───── Dataset records

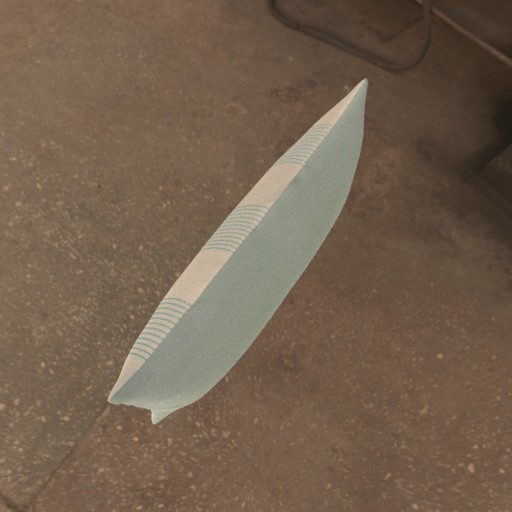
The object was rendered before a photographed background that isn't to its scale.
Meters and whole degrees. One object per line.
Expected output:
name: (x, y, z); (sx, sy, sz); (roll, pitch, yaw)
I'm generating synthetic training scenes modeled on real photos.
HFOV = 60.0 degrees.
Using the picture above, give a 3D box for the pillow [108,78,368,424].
pillow: (0.000, 0.000, 0.734); (0.151, 0.287, 0.610); (32, 69, 14)
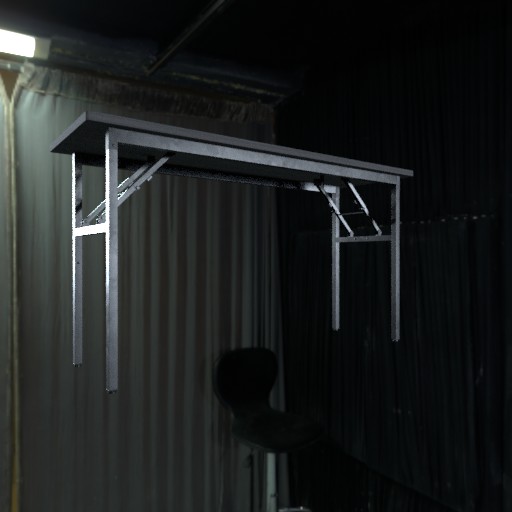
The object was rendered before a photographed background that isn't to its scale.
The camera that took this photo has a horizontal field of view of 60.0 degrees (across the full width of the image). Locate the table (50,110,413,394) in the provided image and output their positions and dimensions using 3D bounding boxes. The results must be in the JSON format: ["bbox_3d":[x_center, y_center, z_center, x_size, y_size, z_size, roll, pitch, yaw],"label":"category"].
[{"bbox_3d":[0.000,0.000,1.728,1.399,0.750,0.449,0,0,-36],"label":"table"}]
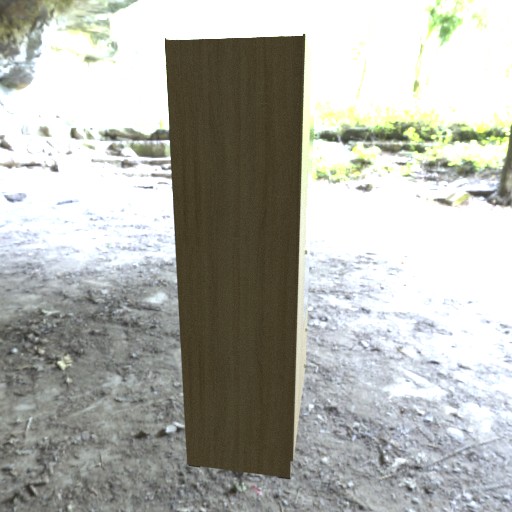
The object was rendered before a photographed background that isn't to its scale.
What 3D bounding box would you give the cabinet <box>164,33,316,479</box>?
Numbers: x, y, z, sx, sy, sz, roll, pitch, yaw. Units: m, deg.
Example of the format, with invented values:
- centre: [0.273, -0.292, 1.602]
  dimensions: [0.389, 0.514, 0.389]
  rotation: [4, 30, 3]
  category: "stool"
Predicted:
- centre: [0.000, 0.000, 2.533]
  dimensions: [0.590, 2.121, 1.001]
  rotation: [3, 17, 9]
  category: "cabinet"
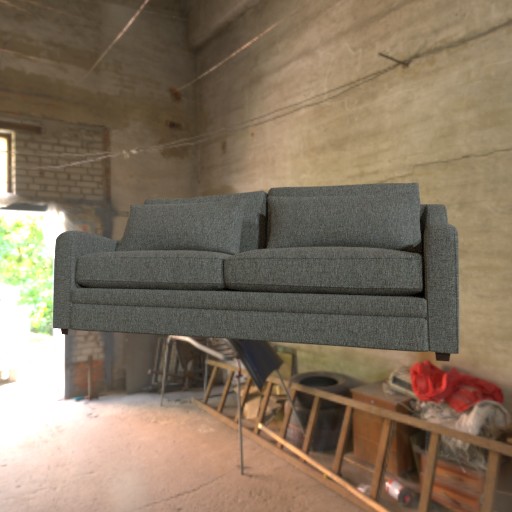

──────────

:: Exercise directions ::
Return every line above word for word, minus images.

:: The completed task ::
The object was rendered before a photographed background that isn't to its scale.
Meters and whole degrees. One object per line.
Expected output:
name: (x, y, z); (sx, sy, sz); (roll, pitch, yaw)
I'm generating synthetic training scenes modeled on real photos.
HFOV = 60.0 degrees.
Using the picture above, give a 3D box for the pillow [108,78,368,424].
pillow: (0.000, 0.000, 0.734); (0.151, 0.287, 0.610); (32, 69, 14)
The object was rendered before a photographed background that isn't to its scale.
The camera that took this photo has a horizontal field of view of 60.0 degrees (across the full width of the image). Locate the table (50,110,413,394) in the provided image and output their positions and dimensions using 3D bounding boxes. The results must be in the JSON format: ["bbox_3d":[x_center, y_center, z_center, x_size, y_size, z_size, roll, pitch, yaw],"label":"category"].
[{"bbox_3d":[0.000,0.000,1.728,1.399,0.750,0.449,0,0,-36],"label":"table"}]
The object was rendered before a photographed background that isn't to its scale.
What 3D bounding box would you give the cabinet <box>164,33,316,479</box>?
Numbers: x, y, z, sx, sy, sz, roll, pitch, yaw. Units: m, deg.
Example of the format, with invented values:
- centre: [0.273, -0.292, 1.602]
  dimensions: [0.389, 0.514, 0.389]
  rotation: [4, 30, 3]
  category: "stool"
Predicted:
- centre: [0.000, 0.000, 2.533]
  dimensions: [0.590, 2.121, 1.001]
  rotation: [3, 17, 9]
  category: "cabinet"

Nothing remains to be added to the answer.